(PROBLEM DETAILS): Look through the listing below and write out exactly the lines from the line with "1436, 1152, 1491]" to the line with "list De hoogte van het Persoonsgebonden budget wordt", both included, and no others.

(PROVIDED ENTRIES):

• • • •

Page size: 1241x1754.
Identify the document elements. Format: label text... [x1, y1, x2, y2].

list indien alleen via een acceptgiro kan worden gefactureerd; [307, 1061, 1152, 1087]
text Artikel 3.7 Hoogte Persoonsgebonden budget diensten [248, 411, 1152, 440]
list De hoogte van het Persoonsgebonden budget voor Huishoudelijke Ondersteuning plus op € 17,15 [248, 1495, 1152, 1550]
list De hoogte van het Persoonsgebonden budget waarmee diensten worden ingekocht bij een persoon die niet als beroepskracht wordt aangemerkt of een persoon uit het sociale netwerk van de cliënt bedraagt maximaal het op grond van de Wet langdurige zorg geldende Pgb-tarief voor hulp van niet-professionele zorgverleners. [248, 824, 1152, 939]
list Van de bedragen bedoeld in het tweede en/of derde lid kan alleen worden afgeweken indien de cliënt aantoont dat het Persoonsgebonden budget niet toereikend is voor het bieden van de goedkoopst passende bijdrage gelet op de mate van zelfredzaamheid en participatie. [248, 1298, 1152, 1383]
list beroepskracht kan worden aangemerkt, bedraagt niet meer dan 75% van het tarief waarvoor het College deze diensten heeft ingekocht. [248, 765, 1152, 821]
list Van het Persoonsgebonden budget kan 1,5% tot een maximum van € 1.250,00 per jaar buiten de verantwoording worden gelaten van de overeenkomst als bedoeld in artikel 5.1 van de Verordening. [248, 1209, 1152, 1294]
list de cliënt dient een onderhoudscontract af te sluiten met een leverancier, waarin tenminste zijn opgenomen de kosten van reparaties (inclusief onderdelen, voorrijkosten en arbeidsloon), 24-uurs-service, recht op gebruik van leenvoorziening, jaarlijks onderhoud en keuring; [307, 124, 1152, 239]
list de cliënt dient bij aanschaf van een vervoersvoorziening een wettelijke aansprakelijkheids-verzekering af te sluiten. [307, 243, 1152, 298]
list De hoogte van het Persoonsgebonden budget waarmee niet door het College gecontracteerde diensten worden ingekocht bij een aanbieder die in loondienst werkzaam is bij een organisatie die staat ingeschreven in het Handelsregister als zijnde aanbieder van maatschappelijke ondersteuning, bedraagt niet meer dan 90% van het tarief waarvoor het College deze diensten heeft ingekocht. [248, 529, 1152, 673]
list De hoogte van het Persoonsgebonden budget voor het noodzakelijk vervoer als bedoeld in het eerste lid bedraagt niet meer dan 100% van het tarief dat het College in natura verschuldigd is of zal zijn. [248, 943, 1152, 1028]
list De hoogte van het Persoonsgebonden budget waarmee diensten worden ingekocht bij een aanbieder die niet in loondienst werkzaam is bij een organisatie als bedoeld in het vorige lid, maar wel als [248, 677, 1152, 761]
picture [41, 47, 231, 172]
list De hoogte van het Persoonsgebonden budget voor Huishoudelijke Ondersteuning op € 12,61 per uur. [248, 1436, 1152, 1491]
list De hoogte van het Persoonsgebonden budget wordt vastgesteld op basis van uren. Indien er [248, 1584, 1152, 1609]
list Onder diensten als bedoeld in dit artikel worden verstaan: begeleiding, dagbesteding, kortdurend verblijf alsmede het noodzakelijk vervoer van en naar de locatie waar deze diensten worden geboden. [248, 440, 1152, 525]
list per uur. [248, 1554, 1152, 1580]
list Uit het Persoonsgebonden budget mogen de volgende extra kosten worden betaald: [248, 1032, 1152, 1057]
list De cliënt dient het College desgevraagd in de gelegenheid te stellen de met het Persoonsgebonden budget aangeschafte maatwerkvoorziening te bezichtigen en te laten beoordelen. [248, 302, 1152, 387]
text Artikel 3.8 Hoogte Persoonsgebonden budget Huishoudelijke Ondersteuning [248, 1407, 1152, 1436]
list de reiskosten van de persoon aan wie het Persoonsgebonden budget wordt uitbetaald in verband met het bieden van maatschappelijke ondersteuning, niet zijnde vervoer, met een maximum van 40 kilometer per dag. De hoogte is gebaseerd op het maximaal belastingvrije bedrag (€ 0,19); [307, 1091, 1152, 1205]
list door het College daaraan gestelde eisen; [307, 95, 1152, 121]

• • • •

(RESPONSE FOR THIS EXERCISE):
list De hoogte van het Persoonsgebonden budget voor Huishoudelijke Ondersteuning op € 12,61 per uur. [248, 1436, 1152, 1491]
list De hoogte van het Persoonsgebonden budget wordt vastgesteld op basis van uren. Indien er [248, 1584, 1152, 1609]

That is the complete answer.